A neural network (or an artificial neural network) is a network of neurons, where each neuron is a mathematical model of a real neuron. Neural networks began to enjoy great popularity in the 80’s and early 90’s, but in the late 90’s their popularity fell dramatically. However, recently this is one of the advanced technologies used in machine learning, used in a huge number of applications. The reason for the return of popularity is simple: the computing capabilities of computers have increased.

With the help of neural networks it is possible to solve at least regression and classification problems and build extremely complex models. Without going into mathematical details, one can say that in the middle of the last century Andrei Kolmogorov proved that using a neural network one can approximate any surface with any accuracy.

In fact, a neuron in an artificial neural network is a mathematical function (for example, a sigmoid function), to which some value comes to the input and a value obtained using the same mathematical function is obtained at the output.

### Limits Of Neural Networks

However, in neural networks there is nothing magical, and in most cases, concerns about the scenario of the “Terminator” have no basis. Let’s say scientists have trained a neural network to recognize handwritten digits (such an application can use, say, mail). How can such an application work and why is there nothing to worry about?

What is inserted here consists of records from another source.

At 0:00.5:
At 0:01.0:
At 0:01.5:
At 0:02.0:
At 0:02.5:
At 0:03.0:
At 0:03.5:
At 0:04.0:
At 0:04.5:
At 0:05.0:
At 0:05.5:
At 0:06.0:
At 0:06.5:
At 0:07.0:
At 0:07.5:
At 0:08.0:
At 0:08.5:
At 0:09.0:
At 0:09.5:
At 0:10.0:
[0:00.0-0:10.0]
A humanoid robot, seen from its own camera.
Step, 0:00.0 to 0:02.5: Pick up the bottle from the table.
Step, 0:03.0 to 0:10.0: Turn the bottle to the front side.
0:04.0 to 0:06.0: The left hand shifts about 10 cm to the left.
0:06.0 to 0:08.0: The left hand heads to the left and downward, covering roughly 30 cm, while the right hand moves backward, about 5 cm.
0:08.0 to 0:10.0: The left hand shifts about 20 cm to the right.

Let’s say we work with images of 20×20 pixels, where each pixel is represented by a shade of gray (only 256 possible values). As a response, we have one of the numbers: from 0 to 9. The structure of the neural network will be as follows: in the first layer there will be 400 neurons, where the value of each neuron will be equal to the intensity of the corresponding pixel. In the last layer there will be 10 neurons, where in each neuron there will be a probability that the corresponding figure is drawn on the original image. Between them there will be a certain number of layers (such layers are called hidden) with the same number of neurons, where each neuron is connected to a neuron from the previous layer and with no more.

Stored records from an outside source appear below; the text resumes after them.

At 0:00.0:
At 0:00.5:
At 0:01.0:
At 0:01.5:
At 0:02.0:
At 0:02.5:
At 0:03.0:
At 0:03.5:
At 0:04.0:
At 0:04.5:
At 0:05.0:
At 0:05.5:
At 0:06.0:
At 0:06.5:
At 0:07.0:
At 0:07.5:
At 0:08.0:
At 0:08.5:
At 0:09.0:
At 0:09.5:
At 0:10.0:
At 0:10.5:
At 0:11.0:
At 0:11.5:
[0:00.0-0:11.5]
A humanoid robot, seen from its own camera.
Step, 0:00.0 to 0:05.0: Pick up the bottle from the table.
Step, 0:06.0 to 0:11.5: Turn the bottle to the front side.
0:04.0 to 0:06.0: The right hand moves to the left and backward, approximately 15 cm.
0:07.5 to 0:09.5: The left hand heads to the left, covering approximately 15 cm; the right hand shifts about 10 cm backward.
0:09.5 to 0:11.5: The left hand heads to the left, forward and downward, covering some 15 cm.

The edges of the neural network (in the picture they are shown as arrows) will correspond to some numbers. And the value in the neuron will be considered as the following sum: the value of the neuron from the previous layer * the value of the edge connecting the neurons. Then a certain function (for example, the sigmoid function, about which we spoke earlier) is taken from this sum.

Ultimately, the task of training a neural network is to select such values in the edges to give the first layer of the neural network the intensity of the pixels, on the last layer we get the probabilities that a certain number is drawn on the image.

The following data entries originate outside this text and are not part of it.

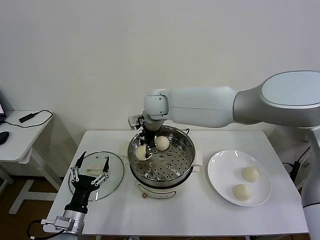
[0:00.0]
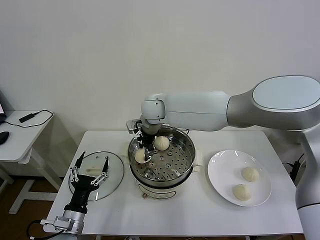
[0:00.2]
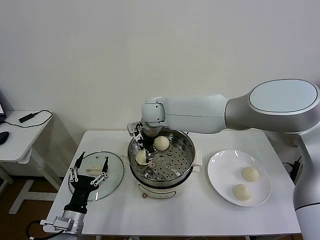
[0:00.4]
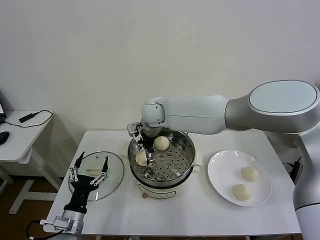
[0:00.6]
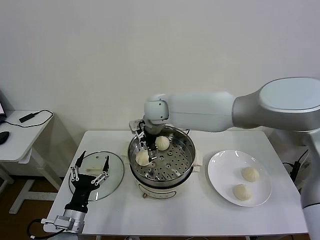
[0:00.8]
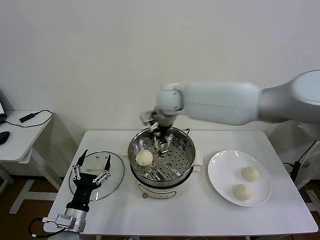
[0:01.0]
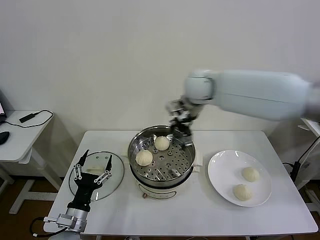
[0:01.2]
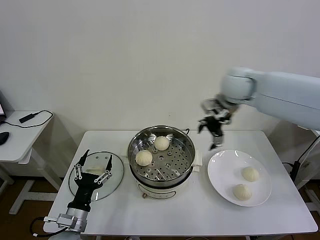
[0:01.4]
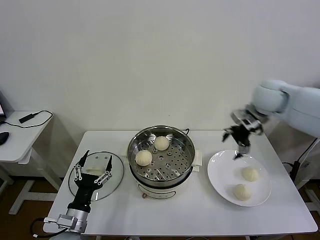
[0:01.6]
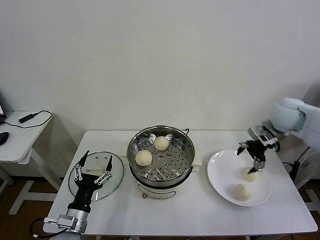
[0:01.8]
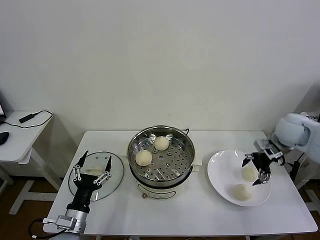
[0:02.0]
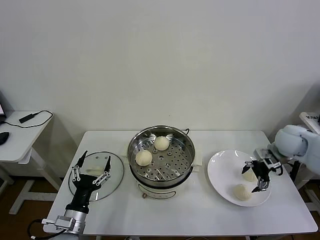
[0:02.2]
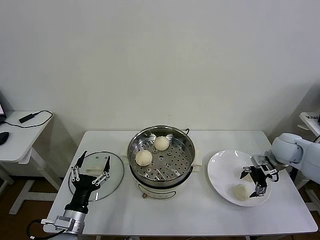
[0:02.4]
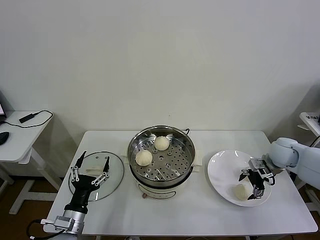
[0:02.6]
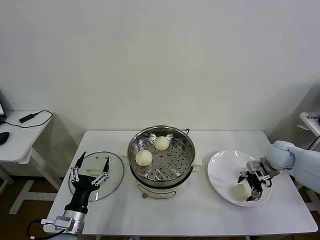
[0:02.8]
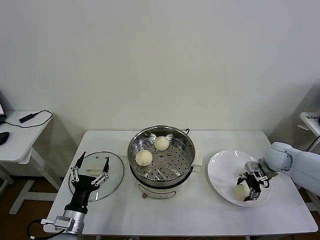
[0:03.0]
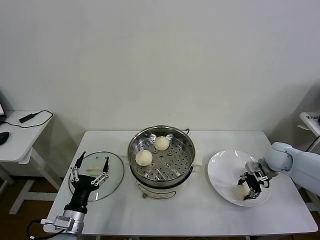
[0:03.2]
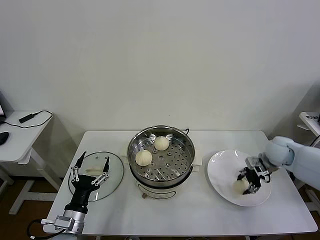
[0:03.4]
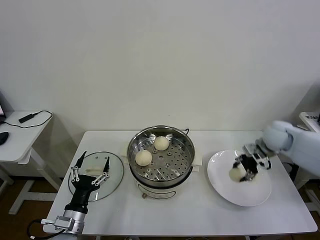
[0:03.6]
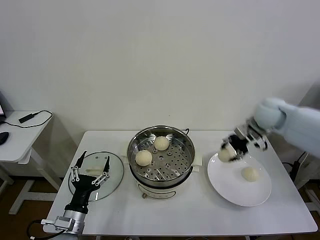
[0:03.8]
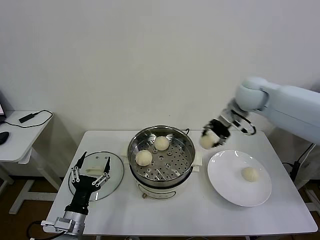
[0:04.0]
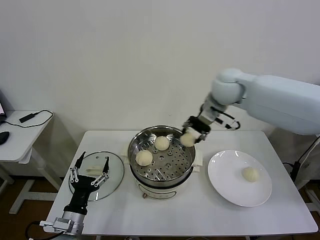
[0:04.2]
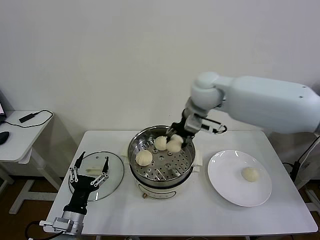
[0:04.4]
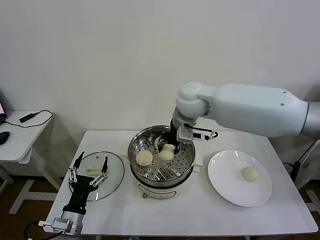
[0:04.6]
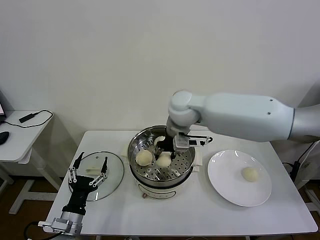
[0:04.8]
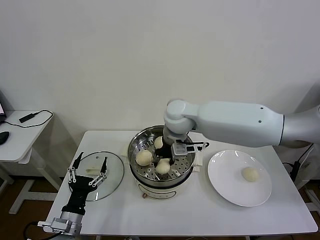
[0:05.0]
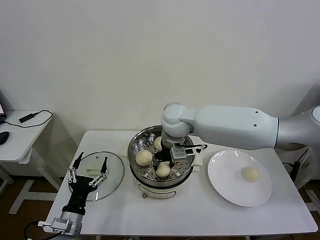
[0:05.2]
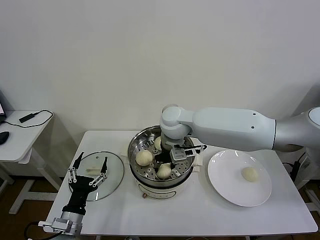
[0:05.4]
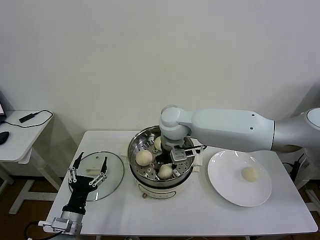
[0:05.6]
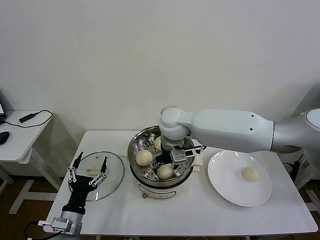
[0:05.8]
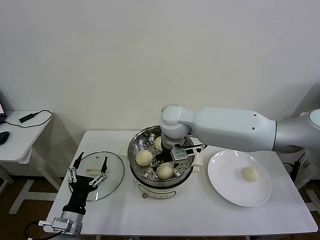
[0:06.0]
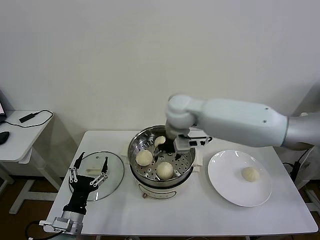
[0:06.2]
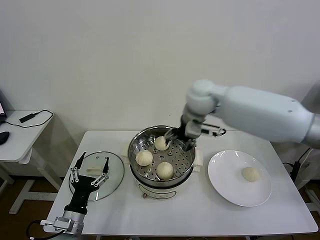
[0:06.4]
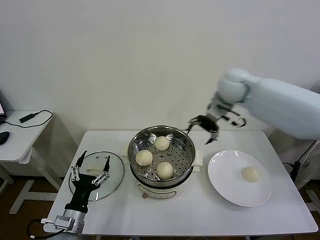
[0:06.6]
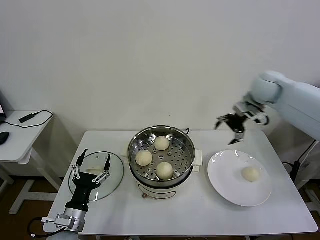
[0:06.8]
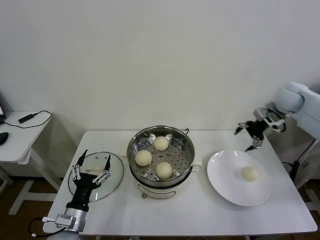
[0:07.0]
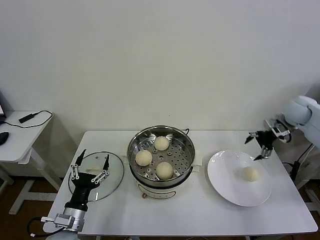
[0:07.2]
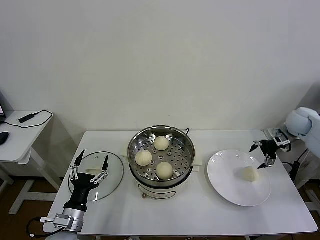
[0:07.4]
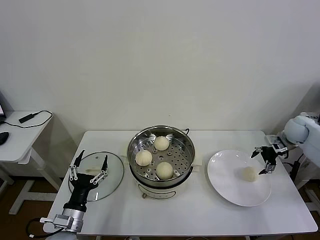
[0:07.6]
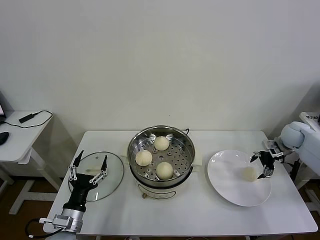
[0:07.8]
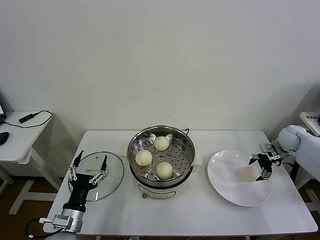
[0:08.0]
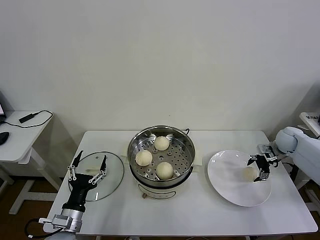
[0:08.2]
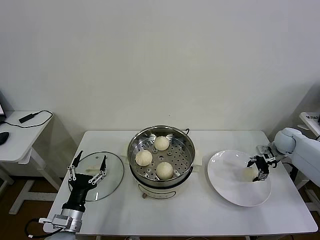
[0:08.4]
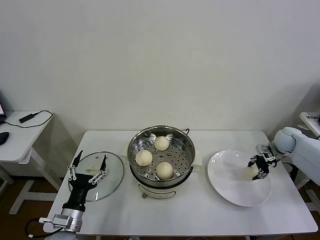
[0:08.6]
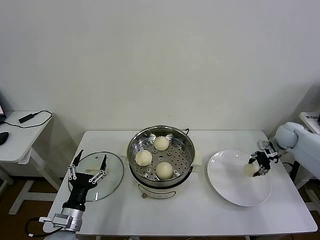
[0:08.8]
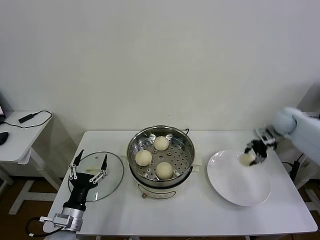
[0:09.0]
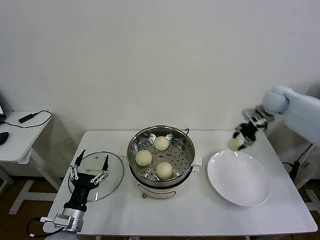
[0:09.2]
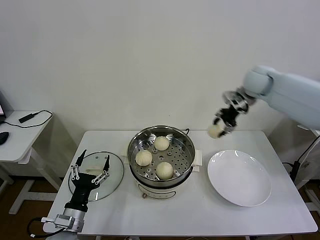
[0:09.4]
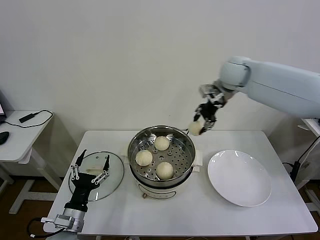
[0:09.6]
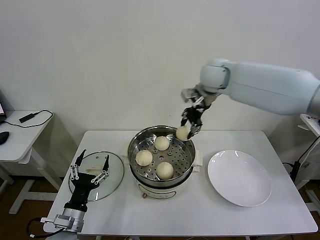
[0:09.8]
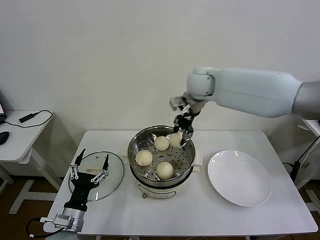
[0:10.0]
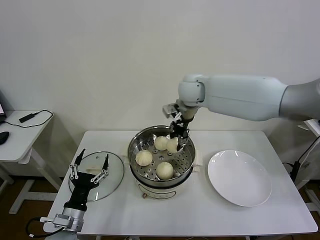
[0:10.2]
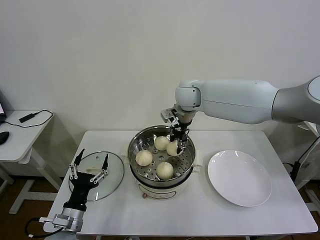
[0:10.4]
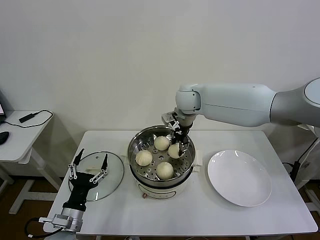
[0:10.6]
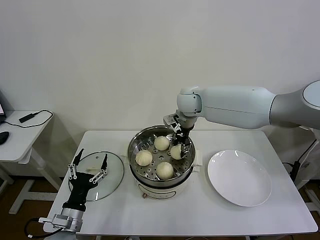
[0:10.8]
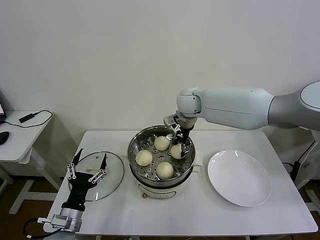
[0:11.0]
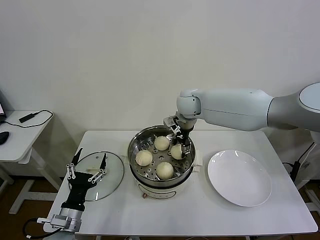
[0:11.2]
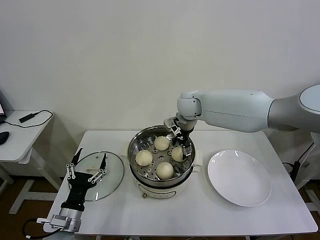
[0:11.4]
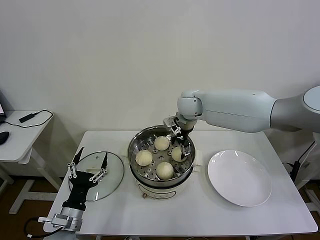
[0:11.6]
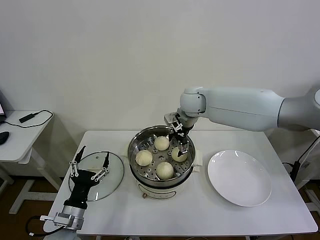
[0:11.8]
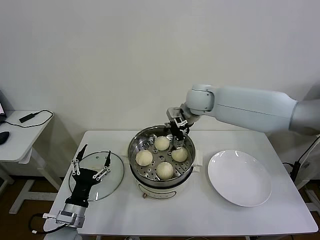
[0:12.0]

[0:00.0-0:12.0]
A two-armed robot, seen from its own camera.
Task of the whole recording: take steamed baozi put them in steamer then cover it.
Step, 0:00.8 to 0:03.2: Grasp the baozi in the plate with right gripper.
Step, 0:03.4 to 0:05.8: Place the baozi on the steamer with right gripper.
Step, 0:06.0 to 0:08.6: Grasp the baozi in the plate with right gripper.
Step, 0:09.0 to 0:11.4: Place the baozi on the steamer with right gripper.
0:00.0 to 0:01.6: The right gripper travels to the right by some 35 cm, and opens.
0:01.6 to 0:03.0: The right gripper travels downward and to the right by roughly 25 cm, and closes its fingers.
0:03.0 to 0:04.4: The right gripper heads to the left and upward, covering roughly 35 cm, and closes its fingers.
0:04.4 to 0:06.0: The right gripper shifts approximately 10 cm to the left and downward, and opens.
0:06.0 to 0:07.6: The right gripper is displaced to the right by some 50 cm.
0:07.6 to 0:09.0: The right gripper closes its fingers.
0:09.0 to 0:10.4: The right gripper goes approximately 35 cm to the left.
0:10.4 to 0:12.0: The right gripper opens.

In simpler words, in this case the neural network is a calculation of a mathematical function, where arguments are other mathematical functions that depend on other mathematical functions and so on. Of course, with such a calculation of mathematical functions, where certain arguments are fitted, there can not be any existential risk of speech.

### Interesting Facts And Lifehakes

Here are a few interesting and not very obvious examples of using machine learning in real life.

For example, the second campaign of Barack Obama was in fact won by the best team in the field of data analysis at that time. Of course, we are not talking about the fact that they advised him to lie about something, the work was built in a much more intelligent way: they chose in which state, in front of which audience, on what day and on what topic he should speak. And each time they measured how it affects the polls of the kind “Who would you vote for, if the elections were on the next Sunday?”. In other words, such decisions were made not by politicians, but by specialists in data analysis. It becomes especially interesting in the light of the fact that, according to experts, this gave him an advantage of 8-10%.

In addition, modern Internet is quite difficult to imagine without retargeting, or personalized advertising. Remember: you choose a product on the Internet, and after buying for another two weeks you show it in various kinds of advertising.